Chicago girl’s essay, Just Another Black Boy, wins national prize
April 29, 2013 (CHICAGO) (WLS) -- A Chicago student inspired by the life of baseball legend Jackie Robinson won an essay contest about her own struggles with the death of her brother. Arsema Tesfai was honored Monday
April 29, 2013 (CHICAGO) (WLS) — A Chicago student inspired by the life of baseball legend Jackie Robinson won an essay contest about her own struggles with the death of her brother.
Arsema Tesfai was honored Monday by Robinson’s daughter, Sharon Robinson, at the seventh-grader’s school, St. Thomas of Canterbury.
“So, my barrier has been to recover from the grief at the death of my brother,” Tesfai wrote in her essay. “I am tired of being sad and angry.”
Her essay expresses her determination to overcome tragedy.
“I wanted people to feel that racism still exists. A lot of people think that it’s over. But it’s not,” Tesfai said.
The story won first place honors in a national essay contest, Breaking Barriers- In Sports, In Life. With her classmates looking on, the St. Thomas of Canterbury seventh-grader received her prize of laptops for herself and her teacher.
“In many ways, not only is this her day, but we’re also celebrating his life,” Christine Boyd, principal at St. Thomas of Canterbury.
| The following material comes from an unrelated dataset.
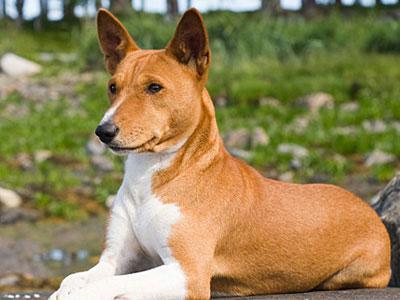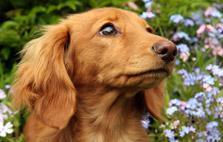The first image is the image on the left, the second image is the image on the right. Analyze the images presented: Is the assertion "The dog in the image on the right is turned toward and facing the camera." valid? Answer yes or no. No. 
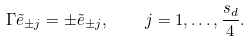Convert formula to latex. <formula><loc_0><loc_0><loc_500><loc_500>\Gamma \tilde { e } _ { \pm j } = \pm \tilde { e } _ { \pm j } , \quad j = 1 , \dots , \frac { s _ { d } } { 4 } .</formula>

Almost 19,000 essays were submitted from around the United States this year. The essay contest was started 17 years ago by Sharon Robinson. Her father broke the color barrier in baseball.
“Arsema’s essay showed that confidence. They’ve have a really difficult barrier, One that is not resolved,” Robinson said.
Arsema’s family emigrated from the State of Eritrea, a small African country north of Ethiopia. Her brother, Filmon, was shot to death before he was supposed to attend the University of Illinois at Champaign on a scholarship.
“We lost a great son in 2003,” Zerai Tesfai, Arsema’s father, said.
The crime remains unsolved. In her essay, Just Another Black Boy, Arsema wrote, “Even though Jackie Robinson broke the color barrier in baseball, racism still exists. Sometimes when I walk in an elevator with my dad, women move to the corner and clutch their purses.”
Arsema wants to fight against injustice by being a lawyer one day.
“Race is not something that puts us in different groups but something that makes every person different and unique. Filmon, you are not just another black boy. You are my hero,” Arsema said.